Open gladky opened 7 years ago
The RU failure is the primary cause, which causes back pressure from ru-c2e14-16-01 to FED 1386. However, the message on 'RU waiting for other FED' is messed up: this RU does not read out FED 1106. This FED is read out by the failed RU on ru-c2e12-40-01.
@mommsen Please let me know what do you suggest to improve this message.
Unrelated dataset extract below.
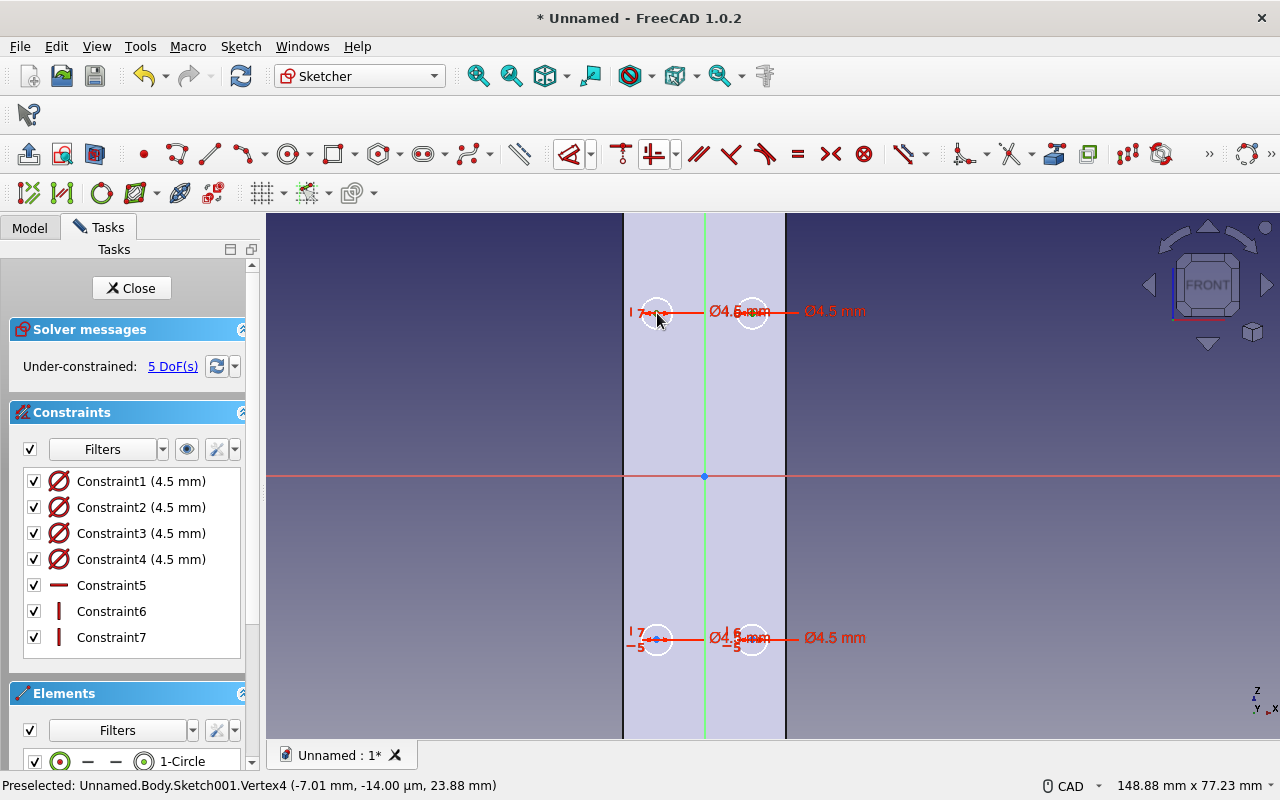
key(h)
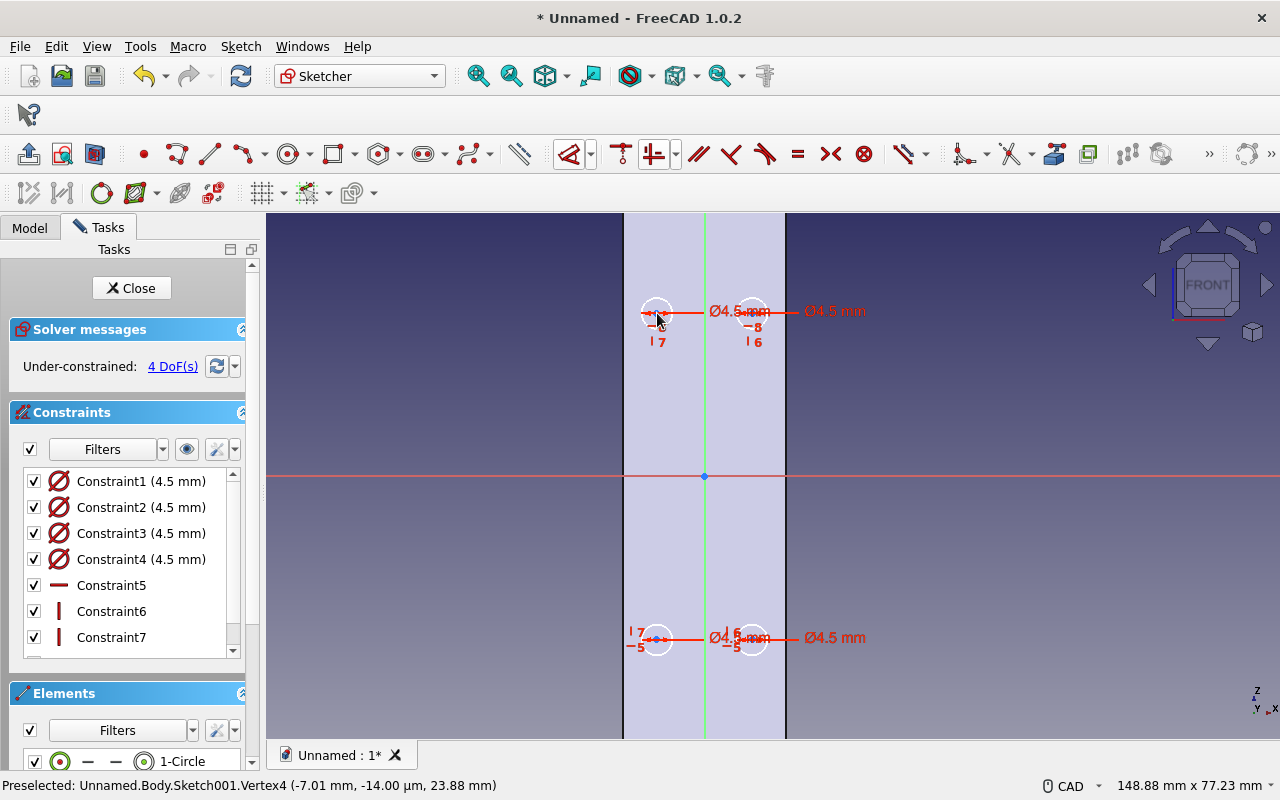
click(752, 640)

Here is the test case where no other problem is interfering.
http://daq-expert.cms/daq2view-react/index.html?setup=cdaq&time=2017-06-21-19:48:16
And here is corresponding DAQExpert problem description:
RU ru-c2e14-16-01.cms is stuck waiting for FED [1280 and 107 more]. Problem FED(s) belong(s) to partition [BPIXP and 3 more] in PIXEL subsystem. This causes backpressure at FED 1386 in other FED-builder EMTFOMTF of subsystem TRG. Note that there is nothing wrong with backpressured FED 1386.
I understand that indicated RU (c2e14-16-01) does not read the problematic FED (1280, ..). The intention was to indicate that we see the backpressure in one of the FEDs (1386) in this RU because of problem in FEDs in other RU.
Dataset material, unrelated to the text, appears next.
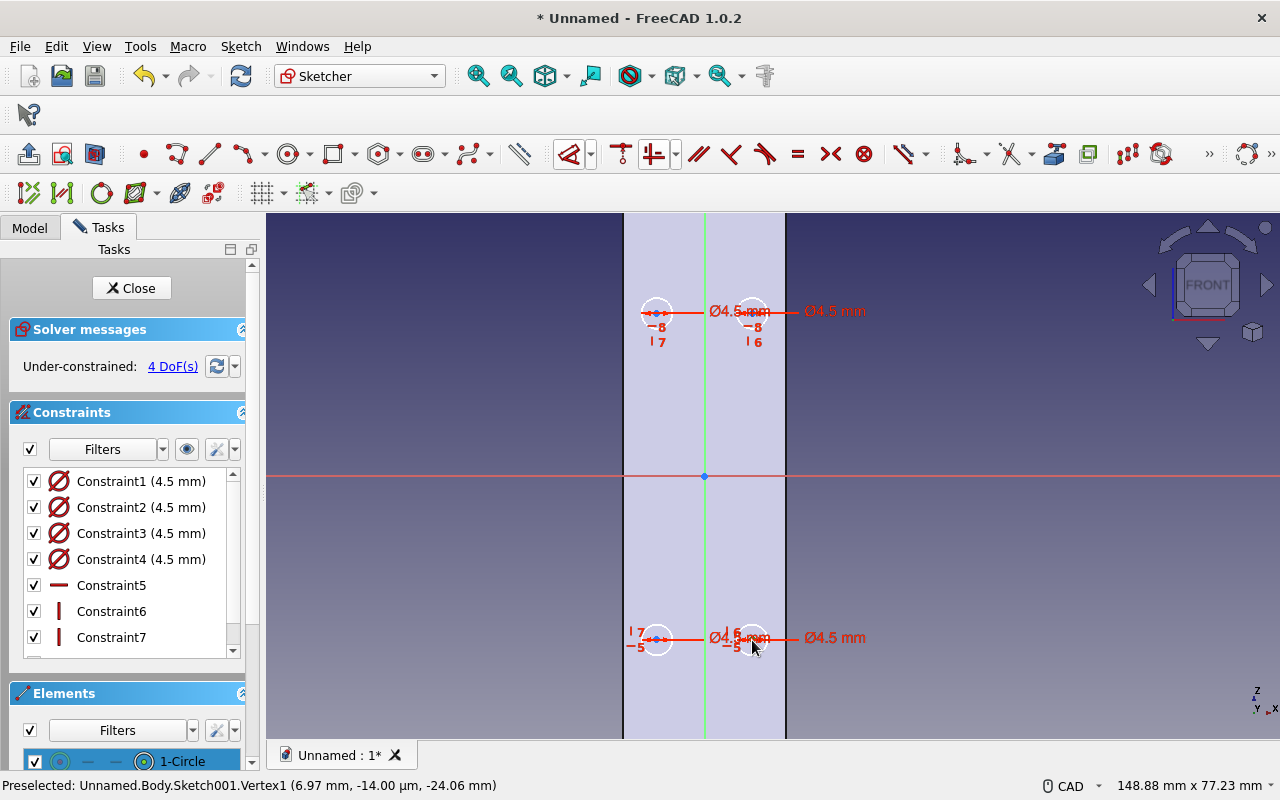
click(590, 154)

For the question of which LM we display. Currently RuFailed has lower usefulness than all backpressure subcases, including RuWaitingForOthers. This means that for this particular test case we will (and we have) display wrong conclusion. There are two solutions:
Please let me know what's your opinion on this.
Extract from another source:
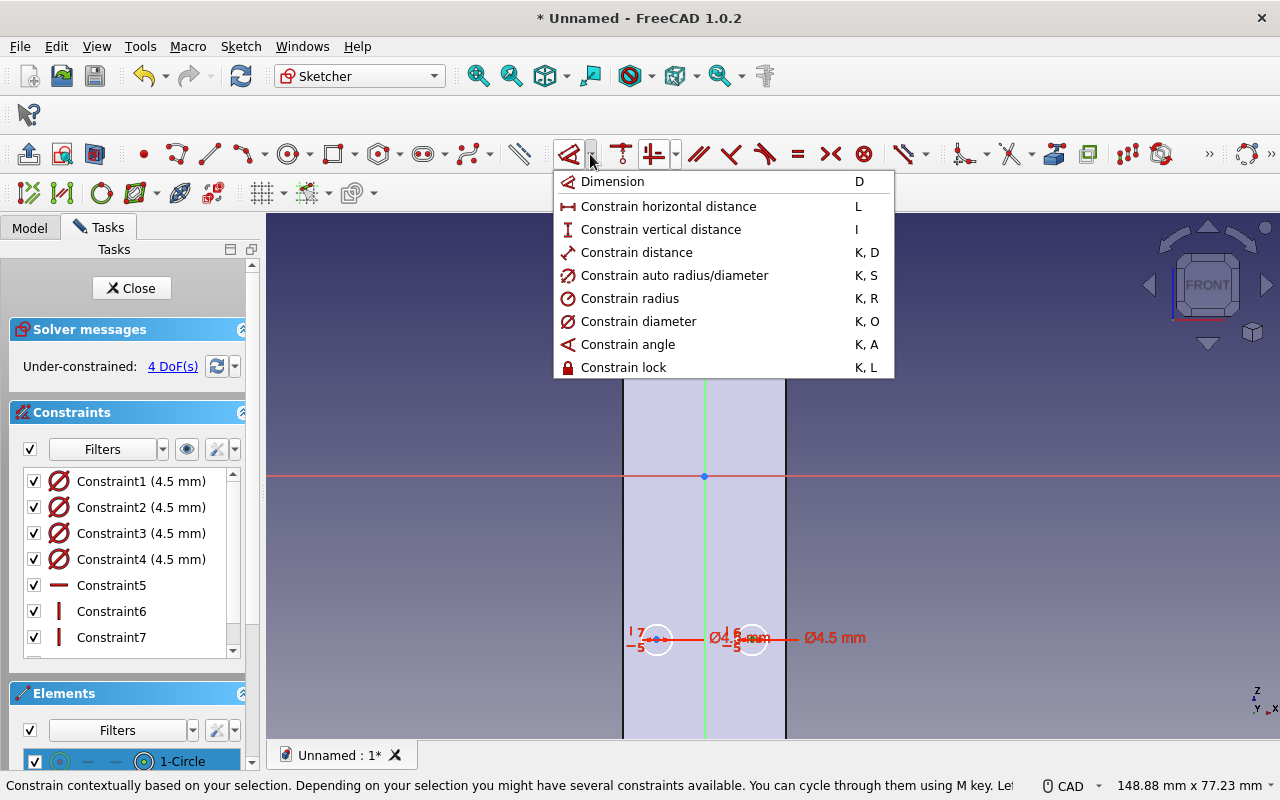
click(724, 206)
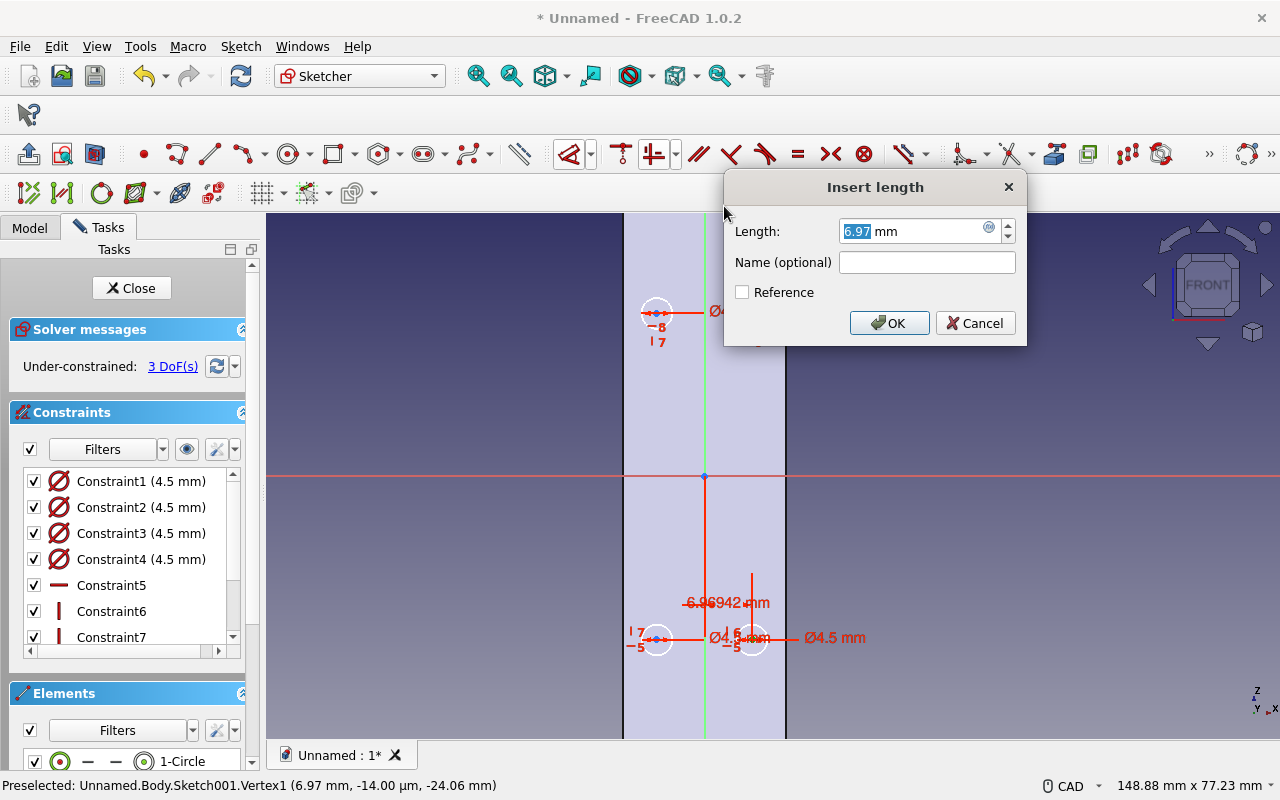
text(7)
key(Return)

I think RuFailed will always lead to RuWaitingForOthers. Thus, raising the RuFailed usefulness is the right way to go.
If we know this I would opt to avoid generating 2 conditions and use this knowledge to modify RuWaitingForOthers to not look for the problematic FEDs in RUs that are in failed state. I've checked this solution agains all related test-cases and it's passing.
Two LM are satisfied here:
http://daq-expert.cms/daq2view-react/index.html?setup=cdaq&time=2017%2009%2001%2013:56:15
Current output
RU waiting for other FED
RU ru-c2e14-16-01.cms is stuck waiting for FED [1106 and 5 more]. Problem FED(s) belong(s) to partition HBHEB in HCAL subsystem. This causes backpressure at FED 1386 in other FED-builder EMTFOMTF of subsystem TRG. Note that there is nothing wrong with backpressured FED 1386.
RUs failed
1 RUs (ru-c2e12-40-01.cms) are in failed state for an unidentified reason. The most often occurring ((1 times) error message is: Caught exception: exception::DataCorruption 'Received a corrupted event 533775 from FED 1111 (HCAL): FED header "eventid" 681282 does not match the eventNumber found in FEROL header, and FED header "sourceId" 226 does not match the FED 1111 (HCAL) found in FEROL header, and inconsistent event size: FED trailer claims 1728 Bytes, while sum of FEROL headers yield 1736. In addition, the FED trailer indicates that the FED id is not expected by the FEROL (FED trailer F bit is set), and wrong slink C
Expected output
What is the expected output?